▸ **PROBLEM STATEMENT**
Your answer should be the data below, reproduced with nothing changed.

(Records from a collection)
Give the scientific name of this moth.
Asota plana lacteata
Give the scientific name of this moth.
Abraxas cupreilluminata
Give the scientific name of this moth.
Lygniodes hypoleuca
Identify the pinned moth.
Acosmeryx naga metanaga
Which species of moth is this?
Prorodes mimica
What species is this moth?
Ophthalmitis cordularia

▸ **TASK OUTPUT**
Give the scientific name of this moth.
Asota plana lacteata
Give the scientific name of this moth.
Abraxas cupreilluminata
Give the scientific name of this moth.
Lygniodes hypoleuca
Identify the pinned moth.
Acosmeryx naga metanaga
Which species of moth is this?
Prorodes mimica
What species is this moth?
Ophthalmitis cordularia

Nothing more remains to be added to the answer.